Осторожно, стороной, отряд обошел табун и все равно был услышан. Кони приглушенно заржали, опасливо захрапели. Вдали взметнулся огонь костра и высветил маячившего возле него человека. «Ну и караул?!» – насмешливо шепнул Сысой и подумал, что если это испанцы, то они ведут себя крайне неосторожно на ничейной земле Северной Калифорнии.
Алеуты с передовщиком подползли ближе и затаились. При свете заходившей луны, к удивлению своему Сысой разглядел селение. То, что это не лагерь – было очевидно. Часовой походил возле огня, прислушиваясь к звукам ночи, громко зевнул и улегся на одеяло. Костер угасал, сходила с неба, пряталась луна. Ночь стала так черна, что не различалась ладонь вытянутой руки. Теперь вся надежда была на зрение и обоняние эскимосов: ни русские служащие, ни креолы в этом не могли с ними тягаться.
Сысой шепотом сговорился с тойоном, что тот с тремя сородичами пойдет в селение и постарается бесшумно найти пленных, а передовщик с отрядом прикроет их, если они себя обнаружат. Иван со спутниками бесшумно растворился во тьме. Сысой лежал на теплой, не выстывшей земле и смотрел на звезды. Поблизости залегли алеуты. Передовщик чувствовал свой отряд только по запаху и жару тел, оставшихся с ним людей. Для эскимосов и колошей обыденное дело пусть даже под моросящим дождем пролежать без движений ночь, чтобы в нужный миг напасть на врага врасплох. Поэтому приглушенный шорох насторожил всех партовщиков. Потом еще и еще, затем шаги. К отряду приблизились ертаулы-разведчики, подали условный сигнал звуком. Кто-то из партовщиков отозвался.
Тойон приблизил лицо к Сысою, шепнул, что одного пленного выкрали. Все встали и осторожно двинулись к морю. При сумерках рассвета передовщик рассмотрел освобожденного алеута, он ничуть не радовался свободе, был хмур и устал. Это не удивило Сысоя: эскимосы не любили показывать своих чувств при компанейских служащих.
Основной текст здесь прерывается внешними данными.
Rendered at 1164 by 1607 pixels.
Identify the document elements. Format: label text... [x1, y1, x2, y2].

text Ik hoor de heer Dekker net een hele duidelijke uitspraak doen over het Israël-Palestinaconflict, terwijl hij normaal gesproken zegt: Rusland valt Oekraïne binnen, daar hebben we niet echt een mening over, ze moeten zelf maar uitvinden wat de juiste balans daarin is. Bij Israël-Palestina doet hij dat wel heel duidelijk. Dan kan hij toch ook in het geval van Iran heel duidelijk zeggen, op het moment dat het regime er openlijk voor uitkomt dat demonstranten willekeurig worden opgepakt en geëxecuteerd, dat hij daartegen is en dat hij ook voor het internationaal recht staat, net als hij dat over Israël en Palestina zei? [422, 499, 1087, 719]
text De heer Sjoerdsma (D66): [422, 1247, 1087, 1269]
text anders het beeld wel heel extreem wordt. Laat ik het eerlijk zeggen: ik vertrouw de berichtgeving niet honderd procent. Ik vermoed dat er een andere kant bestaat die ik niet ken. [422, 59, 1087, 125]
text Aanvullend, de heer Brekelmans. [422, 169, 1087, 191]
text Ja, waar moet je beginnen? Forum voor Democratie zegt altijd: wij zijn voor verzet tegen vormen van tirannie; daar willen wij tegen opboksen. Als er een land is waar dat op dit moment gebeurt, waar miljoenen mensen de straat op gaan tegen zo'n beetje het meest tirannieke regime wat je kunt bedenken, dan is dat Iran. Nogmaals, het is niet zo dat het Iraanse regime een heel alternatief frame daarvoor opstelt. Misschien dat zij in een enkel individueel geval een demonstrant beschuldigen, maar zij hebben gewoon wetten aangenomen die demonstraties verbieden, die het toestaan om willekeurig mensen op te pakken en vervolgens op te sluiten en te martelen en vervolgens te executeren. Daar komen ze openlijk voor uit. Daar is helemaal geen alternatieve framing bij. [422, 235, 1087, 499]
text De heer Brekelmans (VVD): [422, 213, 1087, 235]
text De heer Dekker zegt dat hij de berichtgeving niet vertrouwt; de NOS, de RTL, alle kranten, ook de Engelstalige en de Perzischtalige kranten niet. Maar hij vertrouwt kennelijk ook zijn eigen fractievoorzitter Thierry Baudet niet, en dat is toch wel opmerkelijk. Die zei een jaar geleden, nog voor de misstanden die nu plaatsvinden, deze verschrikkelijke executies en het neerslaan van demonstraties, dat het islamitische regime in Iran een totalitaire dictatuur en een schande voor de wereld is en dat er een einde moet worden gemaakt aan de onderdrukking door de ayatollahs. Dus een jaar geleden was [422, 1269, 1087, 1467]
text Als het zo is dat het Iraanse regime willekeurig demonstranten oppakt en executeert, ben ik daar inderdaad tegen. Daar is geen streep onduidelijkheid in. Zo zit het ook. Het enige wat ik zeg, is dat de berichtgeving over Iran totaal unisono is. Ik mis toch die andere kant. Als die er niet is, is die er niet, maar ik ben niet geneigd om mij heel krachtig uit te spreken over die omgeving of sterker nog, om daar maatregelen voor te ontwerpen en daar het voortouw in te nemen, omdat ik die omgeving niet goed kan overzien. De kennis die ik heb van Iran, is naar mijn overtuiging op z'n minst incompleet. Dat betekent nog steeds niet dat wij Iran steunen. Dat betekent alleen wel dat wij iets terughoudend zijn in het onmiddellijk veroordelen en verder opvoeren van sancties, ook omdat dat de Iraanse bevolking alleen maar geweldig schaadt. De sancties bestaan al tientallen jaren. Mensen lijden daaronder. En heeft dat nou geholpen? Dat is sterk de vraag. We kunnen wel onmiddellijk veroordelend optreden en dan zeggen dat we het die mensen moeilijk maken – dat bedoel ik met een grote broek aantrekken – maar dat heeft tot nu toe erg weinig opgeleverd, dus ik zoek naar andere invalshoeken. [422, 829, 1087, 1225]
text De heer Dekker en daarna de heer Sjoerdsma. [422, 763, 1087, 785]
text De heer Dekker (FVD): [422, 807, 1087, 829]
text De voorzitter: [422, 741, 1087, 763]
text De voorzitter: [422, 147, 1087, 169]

Отряд отыскал спрятанные байдары. Поредела чёрная ночь, переходя в сумерки, заалел восток. Восход солнца встретил отряд на половине пути к острову. Брига в виду его не было. Сысой мысленно и вслух не переставал бранить Виншипов. От освобожденного алеута он узнал, что пленили его испанские солдаты из селения, которое обжито давно. То есть, вопреки условиям контракта, Виншипы высадили чуницу в испанских владениях Калифорнии.
Бриг не пришел и через месяц, когда начались проливные дожди, каких не было на Кадьяке и Ситхе. Виншипы, преступив запрет промышлять в Испанской Калифорнии, отправились туда для дозволенного им контрабандного торга, и были либо арестованы властями, либо пропали. Ливень хлестал по крыше землянки с такой силой, что прошивал двойной холст покрытия из сложенной палатки. Сысой выполз наружу, отплевываясь и смахивая мокрые волосы с глаз, покрыл свою жилуху большой байдарой и закрепил ее камнями. Заглянул в свое укрытие, с крыши капало, но уже не текло как прежде.
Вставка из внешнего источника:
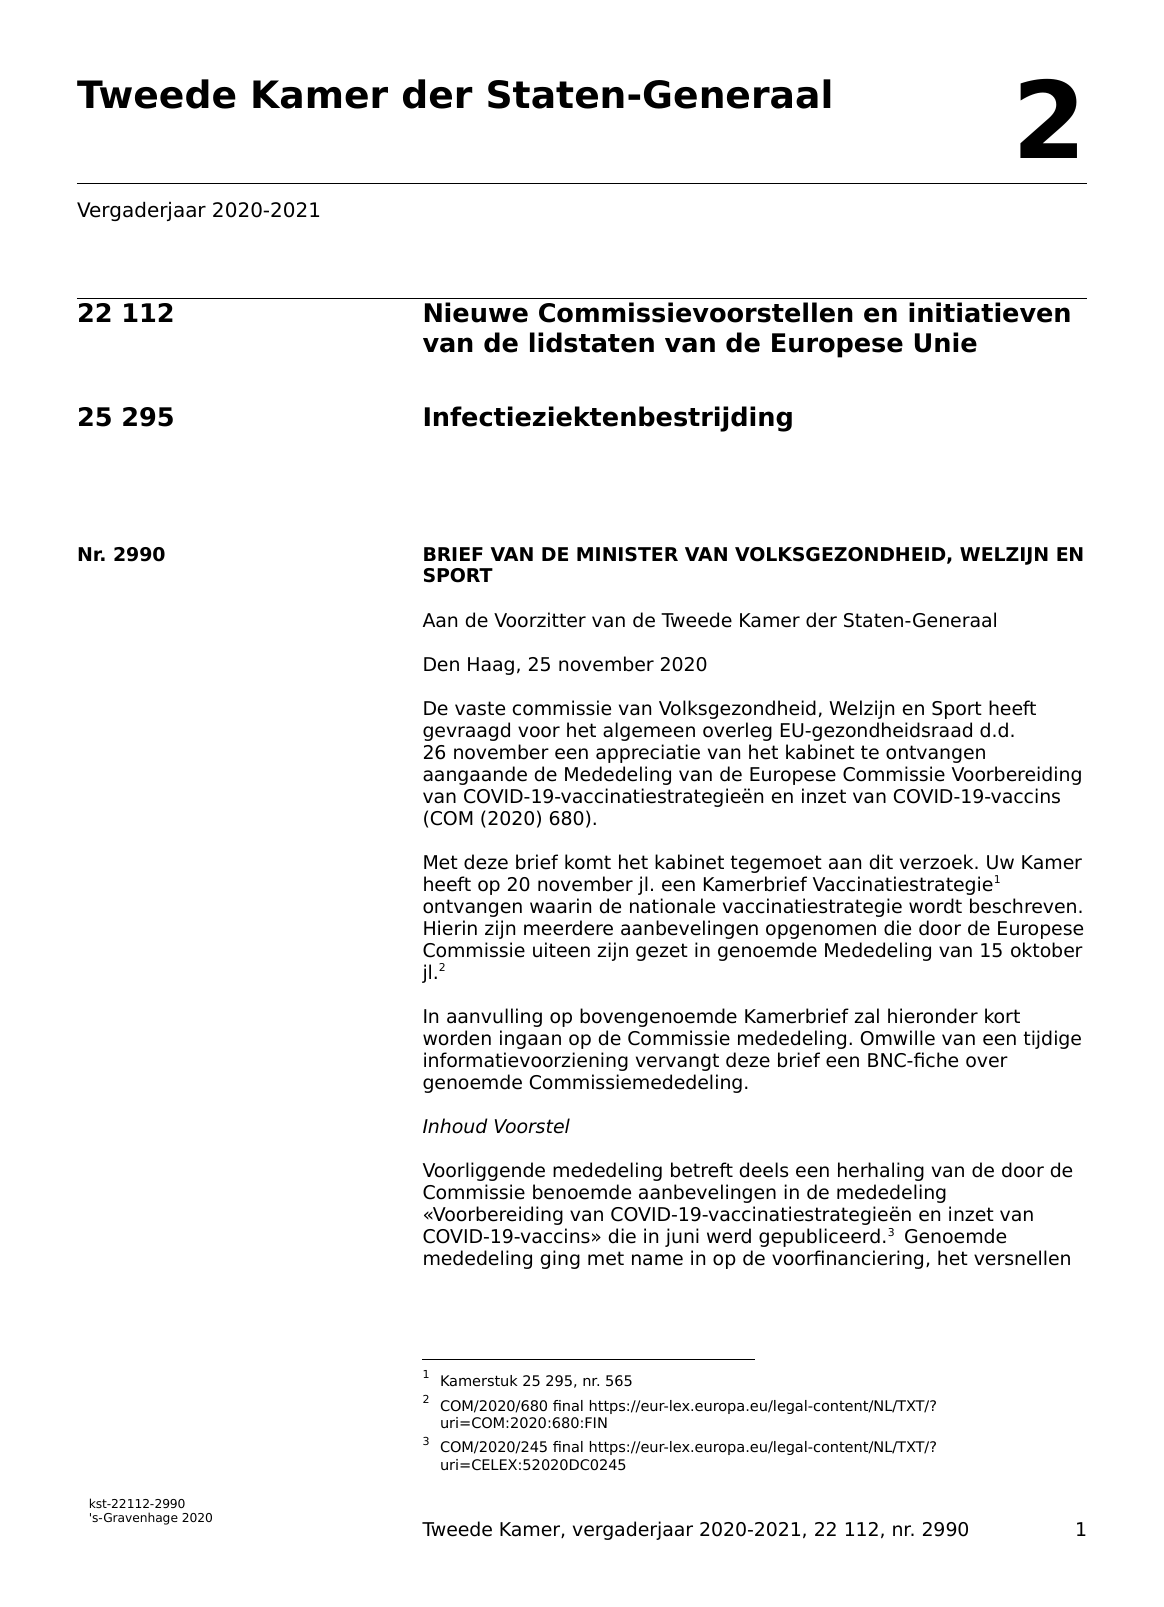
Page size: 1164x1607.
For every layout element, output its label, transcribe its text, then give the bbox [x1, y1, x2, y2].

Прежде чем сбросить с себя мокрую одежду передовщик решил посмотреть, как переживают ненастье партовщики и отправился к их стоянке. Покрытое плавником, палаткой и байдарками русло сухого ручья превратилось едва ли не в реку. По берегам ее, тесно прижавшись друг к другу, покрывшись парками и камлайками из сивучьих кишок, алеуты сидели на корточках и терпеливо пережидали ливень. Вода струями стекала с их плеч, они равнодушно жевали, доедая припас сырой рыбы и мяса. О костре не могло быть и речи, их сердило, что нет чая и табака.
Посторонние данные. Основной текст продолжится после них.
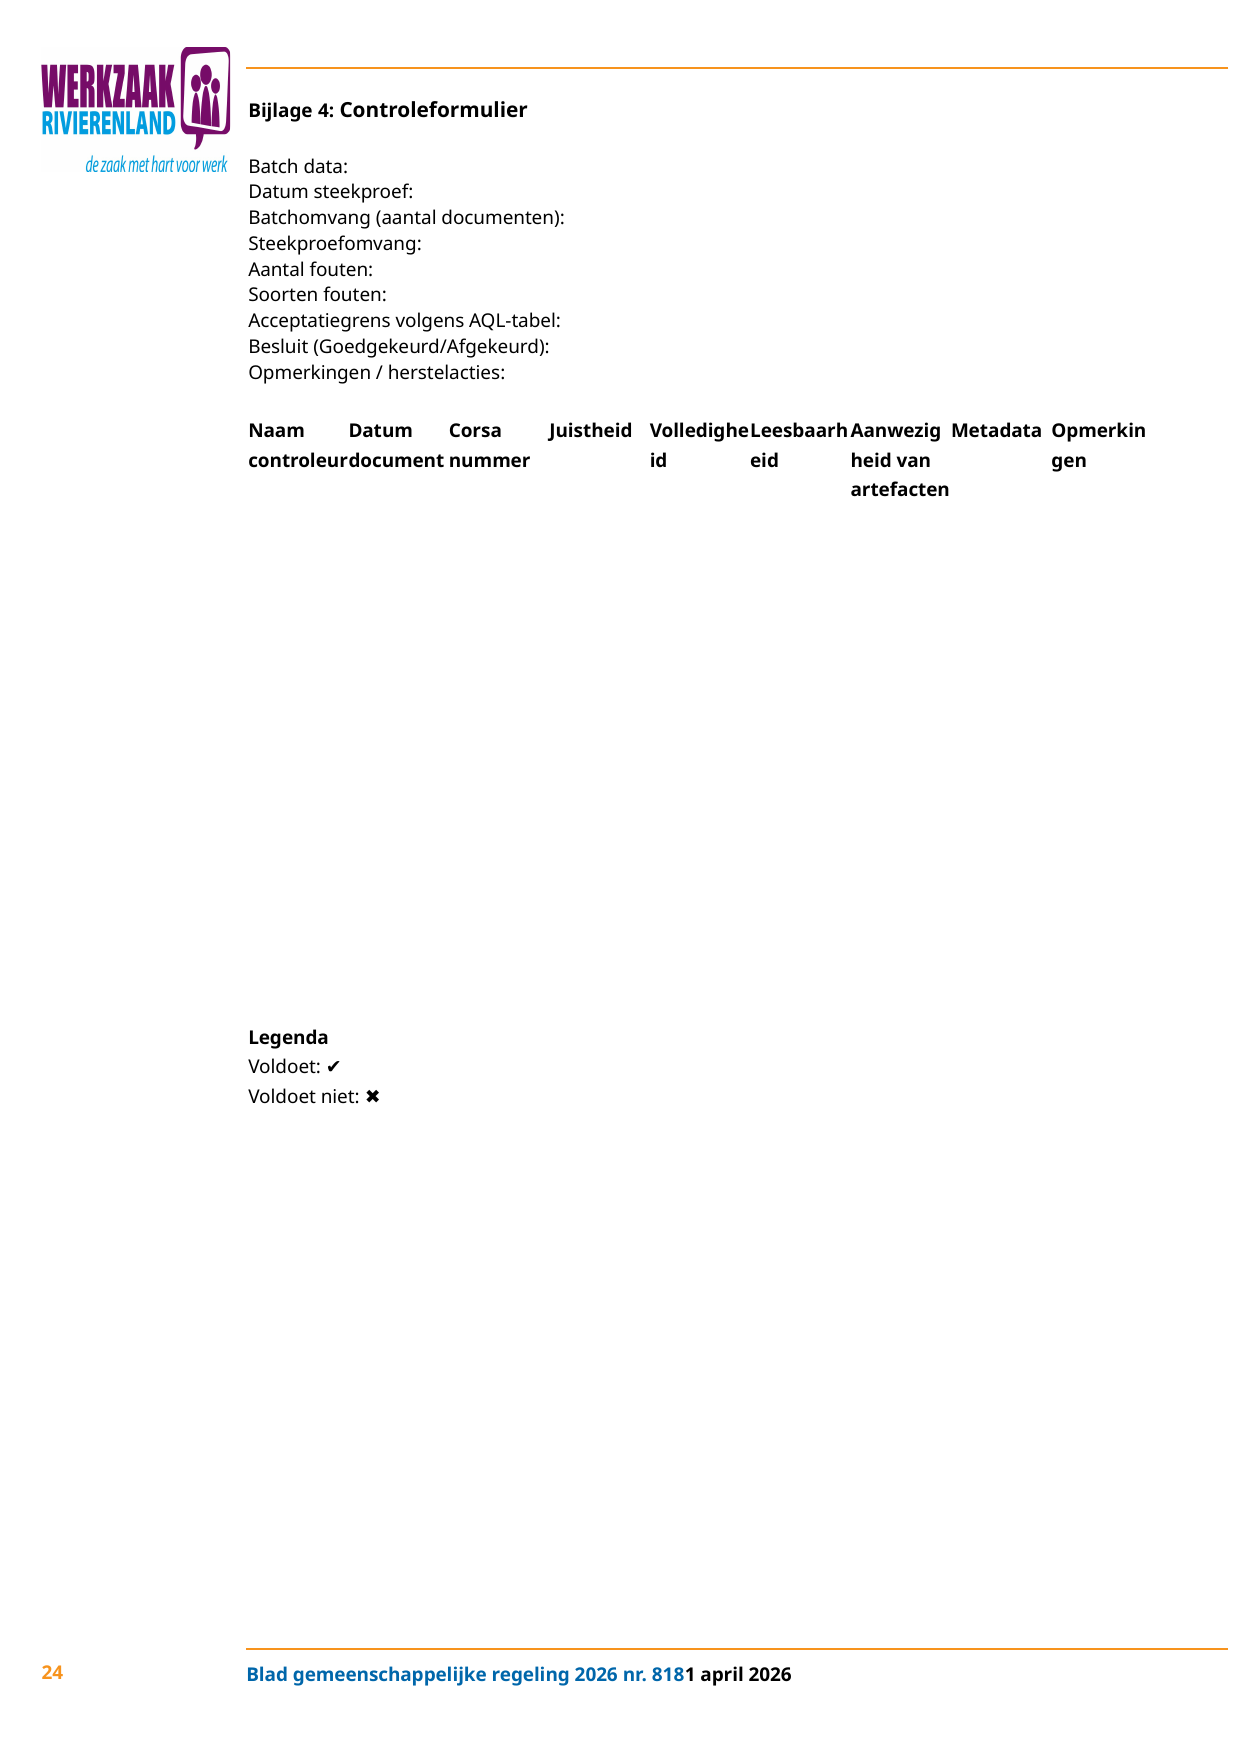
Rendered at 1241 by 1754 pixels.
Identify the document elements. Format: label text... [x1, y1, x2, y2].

table_cell [449, 580, 549, 605]
table_cell [1051, 811, 1152, 837]
table_cell [650, 554, 750, 579]
table_cell [850, 785, 951, 811]
table_cell [549, 785, 649, 811]
text Voldoet: ✔ [248, 1054, 1152, 1079]
table_cell [951, 734, 1051, 760]
table_cell [348, 605, 449, 631]
table_cell [951, 554, 1051, 579]
table_cell [750, 837, 850, 863]
table_header Metadata [951, 418, 1051, 502]
table_cell [549, 888, 649, 914]
table_cell Aantal fouten: [248, 256, 690, 282]
table_cell [449, 863, 549, 888]
table_cell [449, 657, 549, 682]
table_header Datum document [348, 418, 449, 502]
table_cell [348, 811, 449, 837]
table_cell [1051, 863, 1152, 888]
table_cell [650, 503, 750, 528]
table_cell [549, 940, 649, 966]
table_header Corsa nummer [449, 418, 549, 502]
table_cell [449, 554, 549, 579]
table_cell [1051, 580, 1152, 605]
table_cell [348, 708, 449, 734]
table_cell [549, 966, 649, 991]
table_cell [1051, 605, 1152, 631]
table_cell [850, 734, 951, 760]
table_cell [850, 683, 951, 708]
table_cell [951, 863, 1051, 888]
table_cell [650, 683, 750, 708]
table_cell Opmerkingen / herstelacties: [248, 359, 690, 384]
table_cell [650, 863, 750, 888]
table_cell [1051, 528, 1152, 554]
table_cell [248, 657, 348, 682]
table_cell [750, 528, 850, 554]
table_cell [1051, 966, 1152, 991]
table_cell [650, 734, 750, 760]
table_cell [750, 811, 850, 837]
table_cell [650, 760, 750, 785]
table_cell [750, 760, 850, 785]
table_cell [549, 554, 649, 579]
table_cell [951, 503, 1051, 528]
table_cell [1051, 760, 1152, 785]
table_header Opmerkingen [1051, 418, 1152, 502]
table_cell [650, 940, 750, 966]
table_cell [850, 708, 951, 734]
table_cell [750, 940, 850, 966]
table_cell Soorten fouten: [248, 282, 690, 307]
table_cell [449, 760, 549, 785]
table_cell [549, 605, 649, 631]
table_cell [248, 760, 348, 785]
table_header [690, 153, 1152, 179]
table_cell [650, 837, 750, 863]
table_cell [951, 708, 1051, 734]
table_cell [850, 940, 951, 966]
table_cell [650, 966, 750, 991]
table_cell [750, 554, 850, 579]
table_cell [850, 528, 951, 554]
table_cell [348, 940, 449, 966]
table_cell [650, 657, 750, 682]
table_cell [690, 282, 1152, 307]
table_cell [951, 605, 1051, 631]
table_cell [750, 914, 850, 940]
table_cell [248, 528, 348, 554]
table_cell [690, 359, 1152, 384]
table_header Naam controleur [248, 418, 348, 502]
table_cell [549, 914, 649, 940]
table_cell [690, 333, 1152, 359]
table_cell Acceptatiegrens volgens AQL-tabel: [248, 308, 690, 333]
table_cell [951, 785, 1051, 811]
table_cell [690, 205, 1152, 230]
table_cell [348, 528, 449, 554]
table_cell [1051, 940, 1152, 966]
table_cell [348, 785, 449, 811]
table_cell [248, 785, 348, 811]
table_cell [348, 657, 449, 682]
table_cell [750, 657, 850, 682]
table_cell [248, 837, 348, 863]
table_cell [850, 657, 951, 682]
table_cell [248, 966, 348, 991]
table_cell [549, 580, 649, 605]
table_cell [951, 528, 1051, 554]
table_cell [248, 554, 348, 579]
table_cell [1051, 657, 1152, 682]
table_cell [549, 734, 649, 760]
table_cell [750, 580, 850, 605]
table_cell [951, 811, 1051, 837]
table_cell [850, 760, 951, 785]
table_cell [248, 863, 348, 888]
table_cell [951, 683, 1051, 708]
table_cell [549, 503, 649, 528]
table_cell [248, 580, 348, 605]
table_cell [951, 966, 1051, 991]
table_cell Datum steekproef: [248, 179, 690, 204]
table_cell [449, 966, 549, 991]
table_cell [348, 734, 449, 760]
table_cell [850, 605, 951, 631]
table_cell [951, 631, 1051, 657]
table_cell [750, 708, 850, 734]
table_cell [248, 503, 348, 528]
text Voldoet niet: ✖ [248, 1083, 1152, 1109]
table_cell [449, 503, 549, 528]
table_cell [549, 657, 649, 682]
table_cell [750, 605, 850, 631]
table_cell [850, 554, 951, 579]
table_cell [248, 811, 348, 837]
table_cell [951, 580, 1051, 605]
table_cell [650, 631, 750, 657]
table_cell [850, 811, 951, 837]
table_cell [750, 734, 850, 760]
table_header Volledigheid [650, 418, 750, 502]
table_cell [650, 811, 750, 837]
table_header Batch data: [248, 153, 690, 179]
table_cell [750, 863, 850, 888]
table_cell [951, 657, 1051, 682]
table_header Juistheid [549, 418, 649, 502]
table_cell [348, 760, 449, 785]
table_cell [750, 966, 850, 991]
table_cell [650, 708, 750, 734]
picture [41, 47, 231, 172]
table_cell [1051, 914, 1152, 940]
table_cell [1051, 683, 1152, 708]
table_cell [348, 966, 449, 991]
table_cell [650, 785, 750, 811]
table_cell [348, 554, 449, 579]
table_cell [248, 914, 348, 940]
table_cell [1051, 734, 1152, 760]
table_cell [750, 888, 850, 914]
table_cell [549, 708, 649, 734]
table_cell [850, 837, 951, 863]
table_cell [1051, 837, 1152, 863]
table_cell [348, 683, 449, 708]
table_cell [449, 914, 549, 940]
table_cell [248, 734, 348, 760]
table_cell [348, 837, 449, 863]
table_cell [449, 683, 549, 708]
table_cell [850, 631, 951, 657]
table_cell [449, 888, 549, 914]
table_cell [750, 683, 850, 708]
text Bijlage 4: Controleformulier [248, 95, 1152, 123]
table_cell [750, 785, 850, 811]
table_cell [690, 179, 1152, 204]
table_cell [650, 605, 750, 631]
table_cell [248, 605, 348, 631]
table_cell [449, 940, 549, 966]
table_cell Steekproefomvang: [248, 230, 690, 256]
table_cell [690, 308, 1152, 333]
table_cell [1051, 631, 1152, 657]
table_cell [750, 631, 850, 657]
table_cell [549, 683, 649, 708]
table_cell [348, 863, 449, 888]
table_cell [750, 503, 850, 528]
table_cell [549, 811, 649, 837]
table_cell [1051, 888, 1152, 914]
table_cell [1051, 503, 1152, 528]
table_cell [348, 914, 449, 940]
table_cell [650, 528, 750, 554]
table_cell [449, 811, 549, 837]
table_cell [348, 580, 449, 605]
table_cell [850, 580, 951, 605]
table_header Aanwezigheid van artefacten [850, 418, 951, 502]
table_cell [248, 888, 348, 914]
table_cell [650, 888, 750, 914]
table_cell [850, 888, 951, 914]
table_cell Besluit (Goedgekeurd/Afgekeurd): [248, 333, 690, 359]
table_cell [951, 940, 1051, 966]
table_cell [449, 785, 549, 811]
table_cell [850, 863, 951, 888]
table_cell Batchomvang (aantal documenten): [248, 205, 690, 230]
table_cell [348, 631, 449, 657]
table_cell [951, 914, 1051, 940]
table_cell [248, 631, 348, 657]
table_cell [449, 837, 549, 863]
table_cell [850, 966, 951, 991]
table_cell [690, 256, 1152, 282]
table_cell [1051, 708, 1152, 734]
table_cell [549, 863, 649, 888]
table_cell [449, 631, 549, 657]
table_cell [1051, 554, 1152, 579]
table_cell [850, 503, 951, 528]
table_cell [549, 760, 649, 785]
table_cell [549, 631, 649, 657]
table_cell [449, 528, 549, 554]
table_cell [449, 708, 549, 734]
table_cell [690, 230, 1152, 256]
table_header Leesbaarheid [750, 418, 850, 502]
table_cell [449, 605, 549, 631]
table_cell [348, 503, 449, 528]
table_cell [248, 683, 348, 708]
table_cell [650, 580, 750, 605]
table_cell [248, 708, 348, 734]
table_cell [951, 888, 1051, 914]
table_cell [850, 914, 951, 940]
table_cell [650, 914, 750, 940]
table_cell [449, 734, 549, 760]
table_cell [248, 940, 348, 966]
table_cell [1051, 785, 1152, 811]
table_cell [549, 837, 649, 863]
table_cell [549, 528, 649, 554]
text Legenda [248, 1024, 1152, 1050]
table_cell [951, 760, 1051, 785]
table_cell [348, 888, 449, 914]
table_cell [951, 837, 1051, 863]

Сысой в начале своей службы захватил времена, когда островные народы сами делали тлевшую смесь для курения. Теперь они и слушать не хотели о самодельном табаке, требовали покупной от бостонцев и Компании. Дождь то утихал настолько, что появлялась возможность развести огонь, то снова усиливался. Мука давно закончилась, Сысой голодал, перебивался тем, что собирал в полосе отлива траву, рыбешек и молюсков, стрелял и варил птиц. Когда голод пронял партовщиков они тоже стали собирать подножный корм и выходить на лов рыбы в ливневые дни.
Вызволенный из плена алеут с угрюмым видом одиноко слонялся по берегу. Сысой допытывался у Кыглая, что с ним, отчего он сторонится сородичей? Тойон долго и непонятно объяснял что-то, чего передовщик понять не мог, кое-как они сошлись на том, что бывшего пленника сглазили. Однажды, во время густого тумана, он исчез вместе с Сысоевой однолючкой и алеуты решили, что их сородич самовольно бежал к испанцам. Идти на его поиски не было желания ни у них, ни у передовщика.